Patient characteristics of the enrolled population
| Characteristic | All patients (N=433) | Stratified by MND-subtype | ||
| ALS (N=271) | PMA (N=74) | PLS (N=88) | ||
| Age at study enrolment, years | 65 (10) | 64 (10) | 67 (9) | 66 (10) |
| Sex, male | 295 (68%) | 186 (69%) | 57 (77%) | 52 (60%) |
| Symptom duration,* months | 51 (78) | 36 (40) | 79 (78) | 143 (125) |
| Diagnostic delay,* months | 17 (25) | 12 (16) | 26 (47) | 34 (49) |
| Site of symptom onset, bulbar | 82 (19%) | 65 (24%) | 2 (3%) | 15 (17%) |
| ALSFRS-R total score | 32 (10) | 31 (10) | 33 (10) | 35 (8) |
| ∆FRS, points per month | −0.37 (.38) | −0.48 (0.41) | −0.26 (0.28) | −0.13 (0.19) |
| Riluzole use, yes | 271 (63%) | 214 (79%) | 46 (62%) | 11 (13%) |
| Gastrostomy, yes | 67 (16%) | 58 (21%) | 5 (7%) | 4 (5%) |
| Respiratory support, yes | 87 (20%) | 62 (23%) | 18 (24%) | 7 (8%) |
| Presence of frontotemporal dementia† | 9 (2%) | 7 (3%) | 0 (0%) | 2 (2%) |
Data are expressed as mean (SD) or n (%).

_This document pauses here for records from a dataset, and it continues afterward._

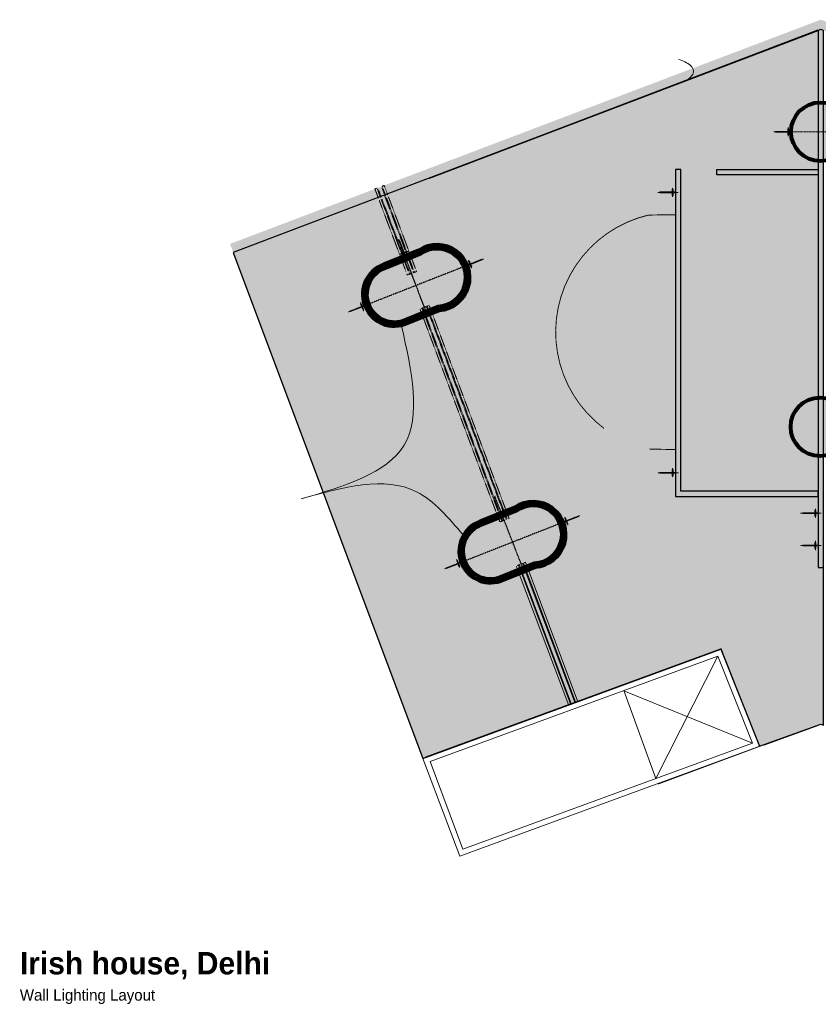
# Model space of a CAD drawing. Header units: millimetres. Extents: x -116878 to 389011, y -1241 to 103674.
# Tile 93 of 103: x 144280 to 166499, y 15802 to 43203. Entities that reach past the tile are written whole.
import ezdxf

# ---------------------------------------------------------------- set-up
doc = ezdxf.new("R2010")
doc.units = ezdxf.units.MM
doc.header["$MEASUREMENT"] = 0
for name, pattern in [('( Hidden )', [0.375, 0.25, -0.125]), ('DASHED', [0.75, 0.5, -0.25]), ('DASHED2', [0.375, 0.25, -0.125]), ('HIDDEN', [0.375, 0.25, -0.125])]:
    doc.linetypes.add(name, pattern=pattern)
doc.layers.get('0').update_dxf_attribs({"color": 252})
for name, color, linetype, lineweight in [('& Lighting (Walls)', 160, 'Continuous', 15), ('02_Elevation 00', 252, 'Continuous', 9), ('A-GENM', 252, 'Continuous', 9), ('flooring 2', 252, 'Continuous', 0), ('wall light and strip light', 5, 'Continuous', 9)]:
    doc.layers.add(name, color=color, linetype=linetype, lineweight=lineweight)
for name, color, linetype in [('00 Grey Dimension', 252, 'Continuous'), ('E Floor Lighting', 5, 'DASHED'), ('Flooring', 252, 'Continuous'), ('Layout', 252, 'Continuous'), ('Wall', 252, 'Continuous')]:
    doc.layers.add(name, color=color, linetype=linetype)
doc.styles.add('FKD_FORMAT', font='txt')
pattern_1 = [(45, (16320.20389, 379.2587976), (-0.003479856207, 0.003479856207), [])]

# ---------------------------------------------------------------- blocks, each defined once
blk = doc.blocks.new('*E478', base_point=(1743, 199.4))
h = blk.add_hatch(color=209)
h.dxf.hatch_style = 1
h.paths.add_polyline_path([(1743, 753.8), (1950.7, 199.4), (2277.1, 319), (2319.5, 212.7), (2386.4, 237), (2389.6, 235.9), (2389.6, 997), (2386.6, 998.1)])
at = {"layer": 'Flooring', "color": 14}
blk.add_lwpolyline([(1743, 753.8), (1950.7, 199.4), (2277.1, 319), (2319.5, 212.7), (2386.4, 237), (2389.6, 235.9), (2389.6, 997), (2386.6, 998.1)], close=True, dxfattribs=at)
blk = doc.blocks.new('gfbgfhdgfhdgfhfhg')
at = {"layer": '00 Grey Dimension', "color": 6}
blk.add_lwpolyline([(13659, -69.2), (14084.8, 92.8)], dxfattribs=at)
blk = doc.blocks.new('common wall')
at = {"layer": 'Wall'}
h = blk.add_hatch(color=253, dxfattribs=at)
h.dxf.hatch_style = 1
h.paths.add_polyline_path([(15937.5, 335), (15943.5, 335), (15943.5, 923.3), (15940.5, 924.4), (15937.5, 923.3)])
at = {"layer": 'Wall', "transparency": 33554687}
h = blk.add_hatch(dxfattribs=at)
h.set_pattern_fill('ANSI31', color=253, scale=0.03937)
h.set_pattern_definition(pattern_1)
h.paths.add_polyline_path([(15937.5, 412.7), (15937.5, 418.6), (15787, 418.6), (15787, 771), (15781.1, 771), (15781.1, 412.7)])
h = blk.add_hatch(dxfattribs=at)
h.set_pattern_fill('ANSI31', color=253, scale=0.03937)
h.set_pattern_definition(pattern_1)
h.paths.add_polyline_path([(15826.4, 771), (15826.4, 765.1), (15937.5, 765.1), (15937.5, 771)])
at = {"layer": 'Wall'}
for points in [[(15937.5, 335), (15943.5, 335), (15943.5, 812.3), (15943.5, 923.3), (15940.5, 924.4), (15937.5, 923.3), (15937.5, 812.3)], [(15937.5, 412.7), (15937.5, 418.6), (15787, 418.6), (15787, 771), (15781.1, 771), (15781.1, 412.7)]]:
    blk.add_lwpolyline(points, close=True, dxfattribs=at)
blk.add_lwpolyline([(15826.4, 771), (15937.5, 771), (15937.5, 765.1), (15826.4, 765.1), (15826.4, 771)], dxfattribs=at)
blk = doc.blocks.new('EJC150-FF-01_New1 - EJC 150-47862421-Store 29 at Node L4 Level')
at = {"layer": 'A-GENM', "color": 10, "linetype": 'DASHED', "lineweight": 13}
for p, q in [((-135, 2516), (-75, 2516)), ((-135, 2516), (-135, 2456)), ((-135, 2441), (-135, 2241)), ((-75, 2516), (-71, 2516)), ((-75, 2516), (-75, 2456)), ((-75, 2441), (-75, 2241)), ((-50, 2456), (-50, 2466)), ((-50, 2241), (-50, 2441)), ((50, 2466), (50, 2456)), ((50, 2440), (50, 90)), ((71, 2516), (75, 2516)), ((75, 2516), (135, 2516)), ((75, 2516), (75, 2456)), ((75, 2440), (75, 2240)), ((135, 2516), (135, 2458)), ((135, 2438), (135, 2240)), ((-135, 2181), (-135, 91)), ((-75, 2181), (-75, 91)), ((-50, 91), (-50, 2181)), ((75, 2180), (75, 90)), ((135, 2180), (135, 90)), ((-135, 31), (-135, 0)), ((-75, 0), (-135, 0)), ((-75, 31), (-75, 0)), ((-50, 0), (-75, 0)), ((-50, 0), (-50, 31)), ((0, 0), (-50, 0)), ((50, 0), (0, 0)), ((50, 30), (50, 0)), ((75, 0), (50, 0)), ((75, 30), (75, 0)), ((135, 0), (75, 0)), ((135, 30), (135, 0))]:
    blk.add_line(p, q, dxfattribs=at)
blk = doc.blocks.new('EJC150-FF-01_New1 - EJC 150-47865287-Store 29 at Node L4 Level')
at = {"layer": 'A-GENM', "color": 10, "linetype": 'DASHED', "lineweight": 13}
for p, q in [((-135, 6213), (-135, 6205)), ((-135, 6203), (-135, 6202)), ((-135, 6200), (-135, 6100)), ((-112, 6222), (-75, 6222)), ((-75, 6222), (-50, 6222)), ((-75, 6222), (-75, 6205)), ((-75, 6203), (-75, 6100)), ((-50, 6222), (0, 6222)), ((-50, 6205), (-50, 6222)), ((-50, 6100), (-50, 6203)), ((0, 6222), (50, 6222)), ((50, 6222), (75, 6222)), ((50, 6213), (50, 6205)), ((50, 6203), (50, 6202)), ((50, 6199), (50, 6100)), ((75, 6222), (135, 6222)), ((75, 6213), (75, 6205)), ((75, 6203), (75, 6202)), ((75, 6199), (75, 6100)), ((135, 6215), (135, 6207)), ((135, 6199), (135, 6100)), ((-135, 6040), (-135, 126)), ((-75, 6040), (-75, 126)), ((-50, 126), (-50, 6040)), ((50, 6040), (50, 126)), ((75, 6040), (75, 126)), ((135, 6040), (135, 126)), ((-135, 66), (-135, 0)), ((-75, 0), (-126, 0)), ((-75, 66), (-75, 0)), ((-50, 0), (-75, 0)), ((-50, 0), (-50, 66)), ((0, 0), (-50, 0)), ((22, 0), (0, 0)), ((50, 66), (50, 0)), ((75, 66), (75, 0)), ((135, 0), (121, 0)), ((135, 66), (135, 0))]:
    blk.add_line(p, q, dxfattribs=at)
blk = doc.blocks.new('EJC150-FF-01_New1 - EJC 150-49176404-Store 29 at Node L4 Level')
at = {"layer": 'A-GENM', "color": 10, "lineweight": 13}
for p, q in [((-135, 4072), (-135, 4064)), ((-135, 4062), (-135, 4061)), ((-135, 4059), (-135, 3985)), ((-113, 4081), (-75, 4081)), ((-75, 4081), (-50, 4081)), ((-75, 4081), (-75, 4064)), ((-75, 4062), (-75, 3985)), ((-50, 4081), (0, 4081)), ((-50, 4064), (-50, 4081)), ((-50, 3985), (-50, 4062)), ((0, 4081), (50, 4081)), ((50, 4081), (75, 4081)), ((50, 4072), (50, 4064)), ((50, 4062), (50, 4061)), ((50, 4059), (50, 3985)), ((75, 4081), (135, 4081)), ((75, 4072), (75, 4064)), ((75, 4062), (75, 4061)), ((75, 4059), (75, 3985)), ((135, 4075), (135, 4067)), ((135, 4059), (135, 3985)), ((-135, 3925), (-135, 0)), ((-75, 3925), (-75, 0)), ((-50, 0), (-50, 3925)), ((50, 3925), (50, 0)), ((75, 3925), (75, 0)), ((135, 3925), (135, 0))]:
    blk.add_line(p, q, dxfattribs=at)
blk = doc.blocks.new('*E479', base_point=(600792, -1429))
at = {"color": 253, "lineweight": 15}
for name, p, rotation in [('EJC150-FF-01_New1 - EJC 150-47862421-Store 29 at Node L4 Level', (612609, 3110), 290.6020337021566), ('EJC150-FF-01_New1 - EJC 150-47865287-Store 29 at Node L4 Level', (605857, 580), 290.5560451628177), ('EJC150-FF-01_New1 - EJC 150-49176404-Store 29 at Node L4 Level', (600839, -1303), 290.5560451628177)]:
    blk.add_blockref(name, p, dxfattribs=dict(at, rotation=rotation))
blk = doc.blocks.new('*E480', base_point=(8409.5, -390.2))
h = blk.add_hatch(color=253)
h.dxf.hatch_style = 1
edge = h.paths.add_edge_path()
edge.add_arc((8910.7, 103.6), 32.2, 0, 360)
at = {"transparency": 33554687}
h = blk.add_hatch(color=254, dxfattribs=at)
h.dxf.hatch_style = 1
h.paths.add_polyline_path([(8432.6, -42.1), (8470.8, -26.6, -1.306499), (8493, -91.6), (8454.8, -107.1, -0.989421)])
h.paths.add_polyline_path([(8434, -45.8, 0.988753), (8453.4, -103.4), (8492.1, -87.7, 1.328728), (8472.7, -30.1)], flags=16)
h = blk.add_hatch(color=253)
h.dxf.hatch_style = 1
edge = h.paths.add_edge_path()
edge.add_line((8453.4, -103.4), (8492.1, -87.7))
edge.add_arc((8490.7, -56.1), 31.6, 272.5737, 484.7133)
edge.add_line((8472.7, -30.1), (8434, -45.8))
edge.add_arc((8444, -74.5), 30.4, 109.2915, 287.9955)
h = blk.add_hatch(color=253)
h.dxf.hatch_style = 1
edge = h.paths.add_edge_path()
edge.add_arc((8910.3, -219.7), 32.2, 0, 360)
h = blk.add_hatch(color=254, dxfattribs=at)
h.dxf.hatch_style = 1
h.paths.add_polyline_path([(8538, -323.5), (8576.2, -308, -1.306499), (8598.3, -373), (8560.2, -388.5, -0.989421)])
h.paths.add_polyline_path([(8539.4, -327.2), (8578, -311.5, -1.328728), (8597.5, -369.1), (8558.8, -384.8, -0.988753)], flags=16)
h = blk.add_hatch(color=253)
h.dxf.hatch_style = 1
edge = h.paths.add_edge_path()
edge.add_line((8558.8, -384.8), (8597.5, -369.1))
edge.add_arc((8596, -337.5), 31.6, 272.5737, 484.7133)
edge.add_line((8578, -311.5), (8539.4, -327.2))
edge.add_arc((8549.4, -355.9), 30.4, 109.2915, 287.9955)
at = {"layer": 'Wall', "color": 8, "lineweight": 80}
blk.add_lwpolyline([(8454.8, -107.3), (8493, -91.8, 1.305587), (8470.7, -26.5), (8432.5, -41.9, 0.989449)], format="xyb", close=True, dxfattribs=at)
at = {"layer": 'Wall', "lineweight": 80}
for points in [[(8454.8, -107.1), (8493, -91.6, 1.306499), (8470.8, -26.6), (8432.6, -42.1, 0.989421)], [(8453.4, -103.4), (8492.1, -87.7, 1.328728), (8472.7, -30.1), (8434, -45.8, 0.988753)], [(8560.2, -388.5), (8598.3, -373, 1.306499), (8576.2, -308), (8538, -323.5, 0.989421)], [(8558.8, -384.8), (8597.5, -369.1, 1.328728), (8578, -311.5), (8539.4, -327.2, 0.988753)]]:
    blk.add_lwpolyline(points, format="xyb", close=True, dxfattribs=at)
for centre in [(8910.7, 103.6), (8910.3, -219.7)]:
    blk.add_circle(centre, 32.2, dxfattribs=at)
blk = doc.blocks.new('pb 2')
blk.add_line((8695.3, -508.8), (8730.5, -605))
for points in [[(8801.7, -463.5), (8475.3, -583), (8515.5, -690.2), (8844.2, -569.7)], [(8798.3, -471.1), (8483.1, -586.6), (8519, -682.5), (8836.3, -566.2)]]:
    blk.add_lwpolyline(points, close=True)
blk = doc.blocks.new('*E485', base_point=(7907.6, -997.5))
at = {"layer": '02_Elevation 00', "color": 14}
for p, q in [((8230.6, -778.4), (8162.8, -912.3)), ((8127.6, -816.2), (8268.6, -873.6))]:
    blk.add_line(p, q, dxfattribs=at)
at = {"color": 14}
blk.add_blockref('pb 2', (-567.7, -307.3), dxfattribs=at)
blk = doc.blocks.new('gabian wall bracket light')
at = {"layer": '& Lighting (Walls)'}
h = blk.add_hatch(color=160, dxfattribs=at)
h.dxf.hatch_style = 1
h.paths.add_polyline_path([(16574.13, -14272.38), (16575.11, -14272.38), (16575.11, -14272.71), (16574.13, -14272.71), (16574.13, -14273.58), (16573.88, -14273.58), (16573.88, -14272.71), (16572.86, -14272.71), (16572.86, -14272.38), (16573.88, -14272.38), (16573.88, -14267.88), (16574.13, -14267.88)])
at = {"layer": '& Lighting (Walls)', "color": 160, "linetype": '( Hidden )', "ltscale": 0.2}
for p, q in [((16574.01, -14274.64), (16574.01, -14267.13)), ((16572.34, -14272.54), (16575.67, -14272.54))]:
    blk.add_line(p, q, dxfattribs=at)
at = {"layer": '& Lighting (Walls)'}
blk.add_lwpolyline([(16574.13, -14272.38), (16575.11, -14272.38), (16575.11, -14272.71), (16574.13, -14272.71), (16574.13, -14273.58), (16573.88, -14273.58), (16573.88, -14272.71), (16572.86, -14272.71), (16572.86, -14272.38), (16573.88, -14272.38), (16573.88, -14267.88), (16574.13, -14267.88)], close=True, dxfattribs=at)
blk = doc.blocks.new('uhbvfhu')
at = {"layer": '& Lighting (Walls)', "color": 160, "ltscale": 0.2, "const_width": 1}
for points in [[(14093, -19.8, 1.115392), (14093, -84.9)], [(13929.6, -143.7), (13914.7, -143.8), (13899.6, -144.1, 0.636881), (13850.9, -379.3)]]:
    blk.add_lwpolyline(points, format="xyb", dxfattribs=at)
for points in [[(13630.9, -264.8), (13669.1, -248.8), (13675.6, -247.7, 1.098007), (13652.8, -180.3), (13608.2, -198.4, 0.989535)], [(13737.1, -548), (13775.3, -532), (13781.8, -530.9, 1.098007), (13759, -463.5), (13714.4, -481.6, 0.989535)]]:
    blk.add_lwpolyline(points, format="xyb", close=True, dxfattribs=at)
blk.add_lwpolyline([(13901.1, -402.1), (13929.8, -402.7)], dxfattribs=at)
at = {"layer": '& Lighting (Walls)', "const_width": 1}
blk.add_lwpolyline([(13910.7, -771.6), (14022.8, -729.9), (13980.2, -622.3), (13653.8, -742.1)], dxfattribs=at)
at = {"layer": '& Lighting (Walls)'}
for p, xscale, yscale, zscale, rotation in [((-28763.6, -49774.1), 3.000000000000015, 3.000000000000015, 3.000000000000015, 90), ((-28917.1, 49580.7), -2.999999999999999, 3, 3.000000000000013, 90.02991360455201), ((-48086.8, 22099.6), 3.000000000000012, 3.000000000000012, 3.000000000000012, 20.87880310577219), ((35329.5, 61752.7), 3, 3, 3, 291.4897249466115), ((-44471.9, 30334.7), -3.000000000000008, 3.000000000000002, 3.000000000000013, 111.4897249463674), ((-28916.9, 49271.4), -2.999999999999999, 3, 3.000000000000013, 90.02991360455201), ((35435.7, 61469.5), 3, 3, 3, 291.4897249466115), ((-28762.1, 49224.6, 0), -3.000000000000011, 3, 3.000000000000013, 90.03289572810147), ((-28716.3, -50245.3, 0), 3.000000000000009, 3.000000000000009, 3.000000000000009, 90.01988166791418), ((-44365.7, 30051.4), -3.000000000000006, 3.000000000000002, 3.000000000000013, 111.4897249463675)]:
    blk.add_blockref('gabian wall bracket light', p, dxfattribs=dict(at, xscale=xscale, yscale=yscale, zscale=zscale, rotation=rotation))
blk = doc.blocks.new('*E486', base_point=(13567.7, 411.8, 0))
at = {"layer": 'Layout', "xscale": 0.9943231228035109, "yscale": 0.9943231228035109, "zscale": 0.9943231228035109, "rotation": 359.9999999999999}
blk.add_blockref('uhbvfhu', (77.6, 1179), dxfattribs=at)

msp = doc.modelspace()

# ---------------------------------------------------------------- hatches: boundary and pattern name
at = {"true_color": 0xadddf7, "transparency": 33554559}
h = msp.add_hatch(color=141, dxfattribs=at)
h.dxf.hatch_style = 1
h.paths.add_polyline_path([(167390, 42635), (167390, 42905), (166569, 43203), (150134, 36963), (150223, 36725), (166571, 42932)])

# ---------------------------------------------------------------- linework, layer by layer
at = {"color": 14}
for p, q in [((155676, 38788), (166495, 42922)), ((164993, 23027), (166495, 23574))]:
    msp.add_line(p, q, dxfattribs=at)
at = {"color": 10, "linetype": 'HIDDEN', "ltscale": 0.2}
for points in [[(155645, 34922), (154825, 37085)], [(157166, 36536), (153458, 35079)], [(158337, 27787), (157499, 29944)], [(159842, 29389), (156135, 27931)]]:
    msp.add_lwpolyline(points, dxfattribs=at)
at = {"layer": '02_Elevation 00'}
for points, knots in [([(154906, 34684), (155184, 33425), (155732, 30944), (153308, 30223), (152115, 29869)], [0, 0, 0, 0, 1.329982, 2.620145, 2.620145, 2.620145, 2.620145]), ([(156619, 28859), (156214, 29340), (155076, 30691), (153275, 30191), (152115, 29869)], [0, 0, 0, 0, 0.709745, 1.994265, 1.994265, 1.994265, 1.994265])]:
    msp.add_open_spline(points, degree=3, knots=knots, dxfattribs=at)
at = {"layer": 'flooring 2', "color": 8}
msp.add_open_spline([(162607, 42097), (162730, 42056), (162903, 41998), (163091, 41731), (162950, 41602), (162855, 41516)], degree=3, knots=[0, 0, 0, 0, 0.1541875, 0.2171277, 0.3448264, 0.3448264, 0.3448264, 0.3448264], dxfattribs=at)
at = {"layer": 'wall light and strip light', "color": 14, "linetype": 'DASHED2', "ltscale": 0.3}
msp.add_lwpolyline([(165360, 40083), (167367, 40083)], dxfattribs=at)

# ---------------------------------------------------------------- block references
at = {"color": 14, "xscale": 25.4, "yscale": 25.4, "zscale": 25.4}
msp.add_blockref('*E480', (153828, 27541), dxfattribs=at)
at = {"layer": '00 Grey Dimension', "xscale": 25.4, "yscale": 25.4, "zscale": 25.4}
msp.add_blockref('gfbgfhdgfhdgfhfhg', (-191259, 40547), dxfattribs=at)
at = {"layer": '02_Elevation 00', "color": 14, "xscale": 25.4, "yscale": 25.4, "zscale": 25.4}
msp.add_blockref('*E485', (155500, 19923), dxfattribs=at)
at = {"layer": 'E Floor Lighting', "xscale": 25.37496114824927, "yscale": 25.37496114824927, "zscale": 25.37496114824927, "rotation": 359.9736113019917}
msp.add_blockref('*E486', (153371, 21936, 0), dxfattribs=at)
at = {"layer": 'Flooring', "color": 2, "xscale": 25.4, "yscale": 25.4, "zscale": 25.4}
msp.add_blockref('*E478', (150223, 22644), dxfattribs=at)
at = {"layer": 'Wall', "xscale": 25.4, "yscale": 25.4, "zscale": 25.4}
msp.add_blockref('common wall', (-238317, 19452), dxfattribs=at)
at = {"layer": 'Wall', "lineweight": 5, "xscale": 1.017698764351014, "yscale": 1.017698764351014, "zscale": 1.017698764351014, "rotation": 90}
msp.add_blockref('*E479', (159812, 24119), dxfattribs=at)

# ---------------------------------------------------------------- texts
at = {"color": 201, "insert": (144284, 17258), "char_height": 312.5, "width": 11685.51, "attachment_point": 1, "style": 'FKD_FORMAT'}
msp.add_mtext('{\\fIBM Plex Sans|b1|i0|c0|p34;\\H2x;\\C250;\\c3289650;Irish house, Delhi\\P\\fIBM Plex Sans|b0|i0|c0|p34;\\H0.5x;Wall Lighting Layout }', dxfattribs=at)

doc.saveas('drawing.dxf')

*Data are expressed as median (IQR).
†Determined at diagnosis, cognitive status unknown at time of questionnaire.
ALS, amyotrophic lateral sclerosis; ALSFRS-R, ALS functional rating scale; ∆FRS, ALSFRS-R – 48/symptom duration; MND, motor neuron disease; PLS, primary lateral sclerosis; PMA, progressive muscular atrophy.